> **Prompt**
In the listing that follows, the range to quote begins at the line that has "- bicycle <box>676,580,738,693</box>" and ends after the line that has "- bicyclist <box>662,529,692,595</box>"; quote it verbatim and add nothing.

_ _ _ _ _

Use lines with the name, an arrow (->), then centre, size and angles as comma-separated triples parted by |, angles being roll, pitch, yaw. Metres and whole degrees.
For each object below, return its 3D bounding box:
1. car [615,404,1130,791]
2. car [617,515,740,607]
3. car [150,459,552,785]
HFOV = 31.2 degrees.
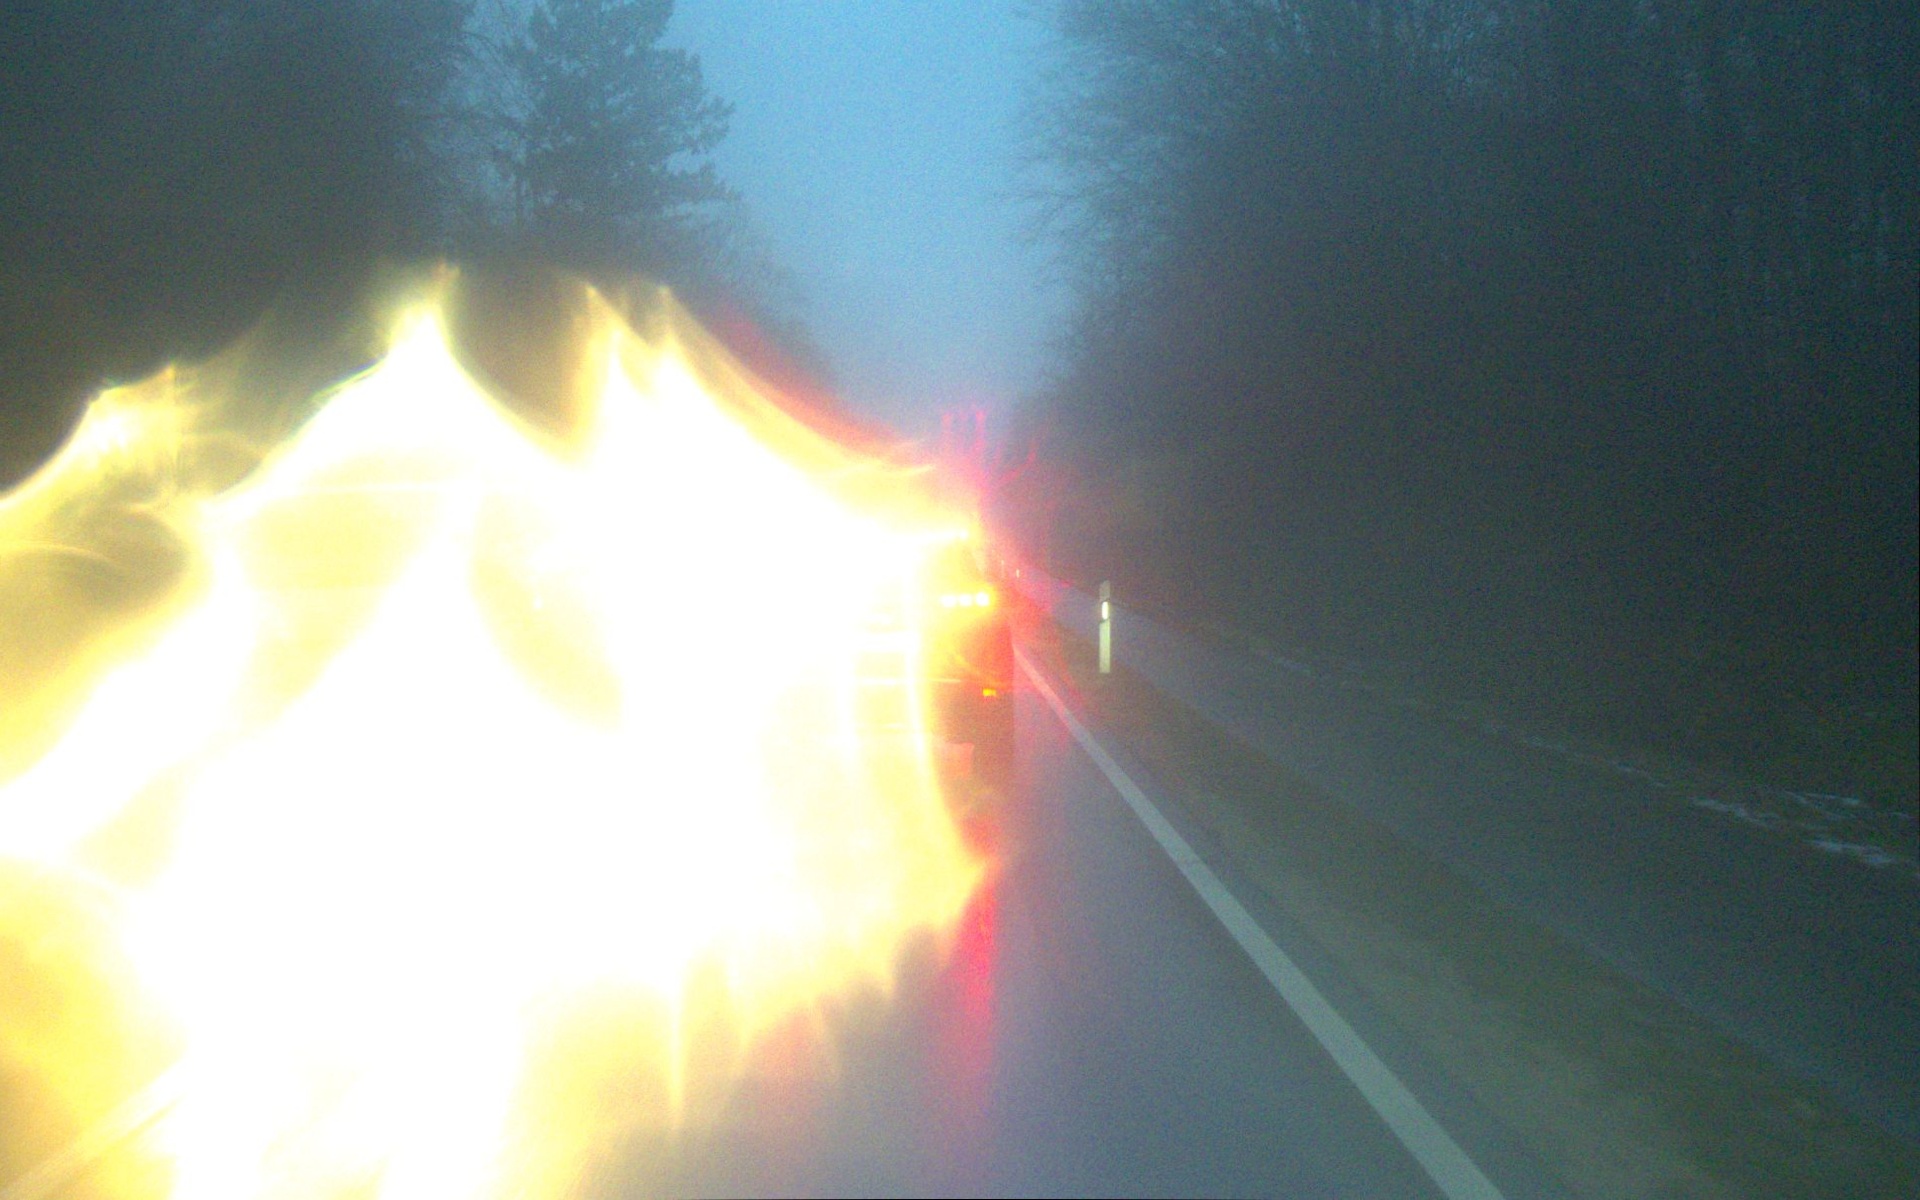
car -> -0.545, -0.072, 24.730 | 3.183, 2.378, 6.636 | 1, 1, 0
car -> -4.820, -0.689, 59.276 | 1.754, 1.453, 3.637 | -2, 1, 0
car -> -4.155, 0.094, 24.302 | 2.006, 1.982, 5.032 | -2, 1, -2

_ _ _ _ _

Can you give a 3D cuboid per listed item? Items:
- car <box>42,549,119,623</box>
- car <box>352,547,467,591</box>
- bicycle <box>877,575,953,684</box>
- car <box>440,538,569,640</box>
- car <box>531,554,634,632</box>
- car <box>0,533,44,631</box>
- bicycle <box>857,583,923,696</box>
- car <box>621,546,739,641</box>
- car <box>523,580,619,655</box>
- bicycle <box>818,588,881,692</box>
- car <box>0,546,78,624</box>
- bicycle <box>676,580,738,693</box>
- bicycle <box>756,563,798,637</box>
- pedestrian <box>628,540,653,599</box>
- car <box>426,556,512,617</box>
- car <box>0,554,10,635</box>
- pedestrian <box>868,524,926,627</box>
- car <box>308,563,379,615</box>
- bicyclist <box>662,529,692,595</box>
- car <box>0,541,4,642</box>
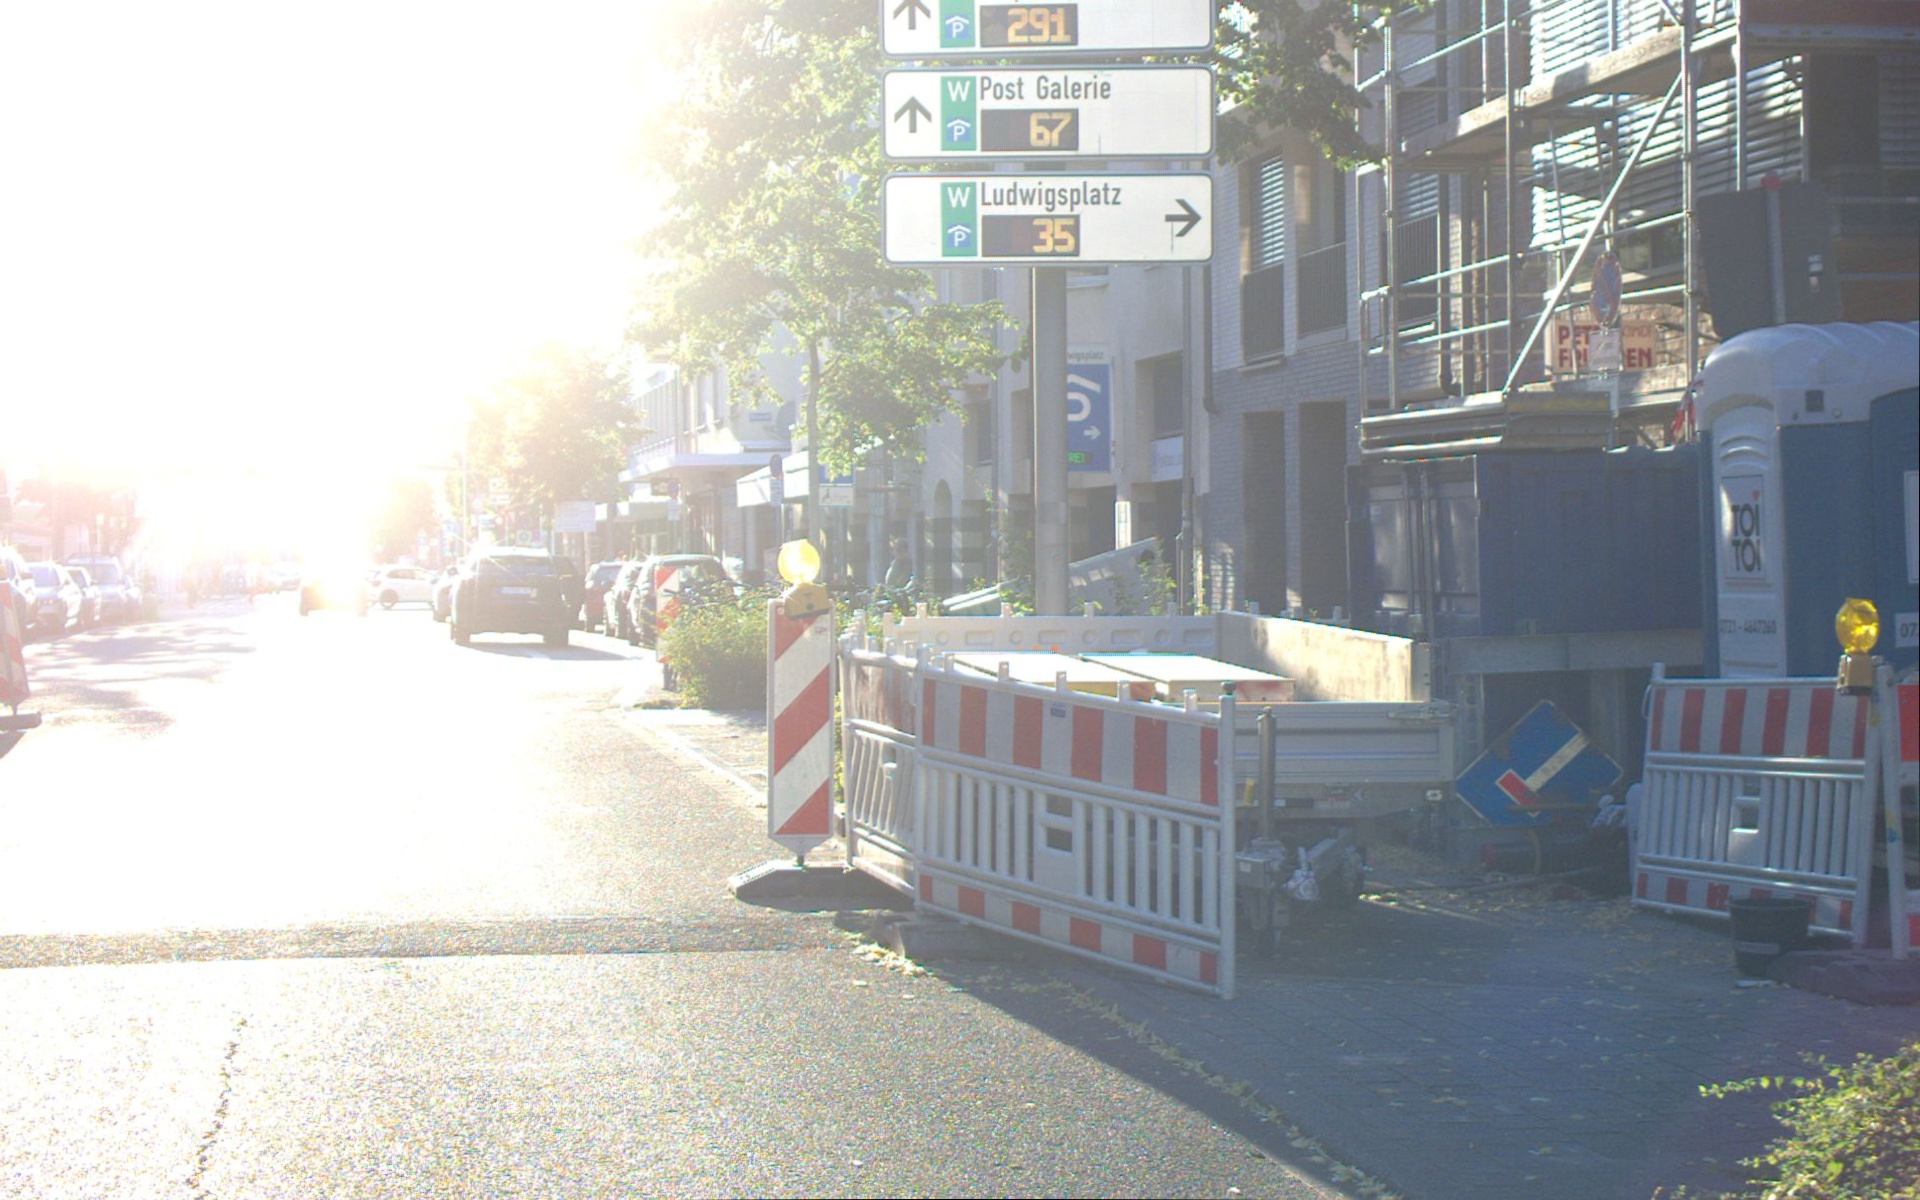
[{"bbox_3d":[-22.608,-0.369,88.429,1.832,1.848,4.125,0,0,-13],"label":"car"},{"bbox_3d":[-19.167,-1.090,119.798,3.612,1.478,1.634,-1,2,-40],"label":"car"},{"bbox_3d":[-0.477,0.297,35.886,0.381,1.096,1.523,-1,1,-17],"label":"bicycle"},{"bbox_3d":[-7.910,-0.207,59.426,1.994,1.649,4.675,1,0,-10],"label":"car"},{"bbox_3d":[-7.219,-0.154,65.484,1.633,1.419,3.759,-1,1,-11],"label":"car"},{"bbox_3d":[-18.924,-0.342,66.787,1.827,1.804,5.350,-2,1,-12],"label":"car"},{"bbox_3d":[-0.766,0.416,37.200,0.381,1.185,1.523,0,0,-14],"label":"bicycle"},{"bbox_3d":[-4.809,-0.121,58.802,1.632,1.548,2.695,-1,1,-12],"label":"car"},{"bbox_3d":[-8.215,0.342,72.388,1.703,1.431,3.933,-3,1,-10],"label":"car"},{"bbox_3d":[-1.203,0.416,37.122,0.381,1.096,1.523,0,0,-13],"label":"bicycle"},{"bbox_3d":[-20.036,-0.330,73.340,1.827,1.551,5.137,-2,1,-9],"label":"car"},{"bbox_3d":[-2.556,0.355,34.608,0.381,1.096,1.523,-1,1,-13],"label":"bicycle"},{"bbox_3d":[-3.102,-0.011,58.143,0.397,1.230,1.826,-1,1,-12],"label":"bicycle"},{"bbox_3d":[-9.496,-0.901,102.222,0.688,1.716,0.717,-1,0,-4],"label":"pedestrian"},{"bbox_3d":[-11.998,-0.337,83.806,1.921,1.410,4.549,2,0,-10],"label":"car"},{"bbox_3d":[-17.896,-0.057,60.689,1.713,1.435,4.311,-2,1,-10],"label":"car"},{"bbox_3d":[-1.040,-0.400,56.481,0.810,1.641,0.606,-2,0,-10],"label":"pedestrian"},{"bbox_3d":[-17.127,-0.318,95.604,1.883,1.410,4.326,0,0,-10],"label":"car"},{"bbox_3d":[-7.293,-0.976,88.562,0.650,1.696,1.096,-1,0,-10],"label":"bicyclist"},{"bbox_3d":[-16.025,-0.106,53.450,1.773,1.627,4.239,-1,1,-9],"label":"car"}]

_ _ _ _ _

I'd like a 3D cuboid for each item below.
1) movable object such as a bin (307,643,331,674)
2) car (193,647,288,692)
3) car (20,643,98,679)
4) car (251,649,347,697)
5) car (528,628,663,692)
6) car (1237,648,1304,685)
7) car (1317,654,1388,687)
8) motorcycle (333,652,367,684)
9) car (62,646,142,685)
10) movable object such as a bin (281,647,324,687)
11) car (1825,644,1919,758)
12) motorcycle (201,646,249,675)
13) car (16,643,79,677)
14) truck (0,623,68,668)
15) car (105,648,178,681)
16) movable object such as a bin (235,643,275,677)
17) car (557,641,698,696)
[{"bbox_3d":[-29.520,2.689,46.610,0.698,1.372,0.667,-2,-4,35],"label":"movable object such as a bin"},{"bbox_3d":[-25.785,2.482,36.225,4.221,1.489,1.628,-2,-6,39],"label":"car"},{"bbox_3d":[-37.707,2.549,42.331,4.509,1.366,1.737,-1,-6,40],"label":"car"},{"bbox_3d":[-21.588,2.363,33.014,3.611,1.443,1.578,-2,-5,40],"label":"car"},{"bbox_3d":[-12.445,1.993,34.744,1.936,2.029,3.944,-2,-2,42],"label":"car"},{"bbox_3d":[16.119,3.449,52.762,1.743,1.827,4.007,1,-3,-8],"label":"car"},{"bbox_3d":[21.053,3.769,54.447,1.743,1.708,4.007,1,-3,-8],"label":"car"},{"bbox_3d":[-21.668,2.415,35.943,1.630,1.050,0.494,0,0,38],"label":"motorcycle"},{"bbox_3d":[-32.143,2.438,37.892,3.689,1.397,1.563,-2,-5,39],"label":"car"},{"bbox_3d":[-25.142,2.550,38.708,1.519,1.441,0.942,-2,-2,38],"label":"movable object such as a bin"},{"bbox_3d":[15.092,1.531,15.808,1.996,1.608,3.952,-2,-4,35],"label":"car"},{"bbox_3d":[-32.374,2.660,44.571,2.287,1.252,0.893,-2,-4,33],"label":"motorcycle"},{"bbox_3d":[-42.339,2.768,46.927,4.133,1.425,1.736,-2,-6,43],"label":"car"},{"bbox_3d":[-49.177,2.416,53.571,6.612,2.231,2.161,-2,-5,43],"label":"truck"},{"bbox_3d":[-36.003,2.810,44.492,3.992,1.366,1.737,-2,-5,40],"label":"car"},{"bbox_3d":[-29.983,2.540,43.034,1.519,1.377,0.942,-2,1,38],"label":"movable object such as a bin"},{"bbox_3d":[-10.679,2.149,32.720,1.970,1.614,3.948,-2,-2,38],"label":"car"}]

_ _ _ _ _

> **The completed task**
- bicycle <box>676,580,738,693</box>
- bicycle <box>756,563,798,637</box>
- pedestrian <box>628,540,653,599</box>
- car <box>426,556,512,617</box>
- car <box>0,554,10,635</box>
- pedestrian <box>868,524,926,627</box>
- car <box>308,563,379,615</box>
- bicyclist <box>662,529,692,595</box>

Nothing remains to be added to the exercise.